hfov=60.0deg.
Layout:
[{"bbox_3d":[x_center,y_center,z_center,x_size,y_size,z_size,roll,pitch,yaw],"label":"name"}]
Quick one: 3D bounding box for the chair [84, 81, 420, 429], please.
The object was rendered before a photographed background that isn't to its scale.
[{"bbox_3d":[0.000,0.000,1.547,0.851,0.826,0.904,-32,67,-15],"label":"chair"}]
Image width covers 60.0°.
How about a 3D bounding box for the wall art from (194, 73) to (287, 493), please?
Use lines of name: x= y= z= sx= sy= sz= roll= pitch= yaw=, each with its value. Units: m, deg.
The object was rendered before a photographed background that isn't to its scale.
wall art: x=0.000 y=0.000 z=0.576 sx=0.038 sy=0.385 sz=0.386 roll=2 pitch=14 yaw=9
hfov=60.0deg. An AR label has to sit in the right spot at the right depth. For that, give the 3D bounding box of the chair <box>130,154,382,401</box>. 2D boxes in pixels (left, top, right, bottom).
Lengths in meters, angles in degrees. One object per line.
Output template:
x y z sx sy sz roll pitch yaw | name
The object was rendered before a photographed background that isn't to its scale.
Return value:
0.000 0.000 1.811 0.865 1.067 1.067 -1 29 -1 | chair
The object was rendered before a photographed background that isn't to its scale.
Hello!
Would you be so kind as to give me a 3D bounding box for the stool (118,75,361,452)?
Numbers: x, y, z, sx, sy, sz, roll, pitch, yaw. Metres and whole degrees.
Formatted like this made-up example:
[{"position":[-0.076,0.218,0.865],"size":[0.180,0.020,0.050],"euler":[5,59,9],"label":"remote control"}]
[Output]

WHAT YOU HAVE TO DO:
Every line of the listing that holds the string "bounding" counts once. Give the total alone.

COMPLETED TASK:
4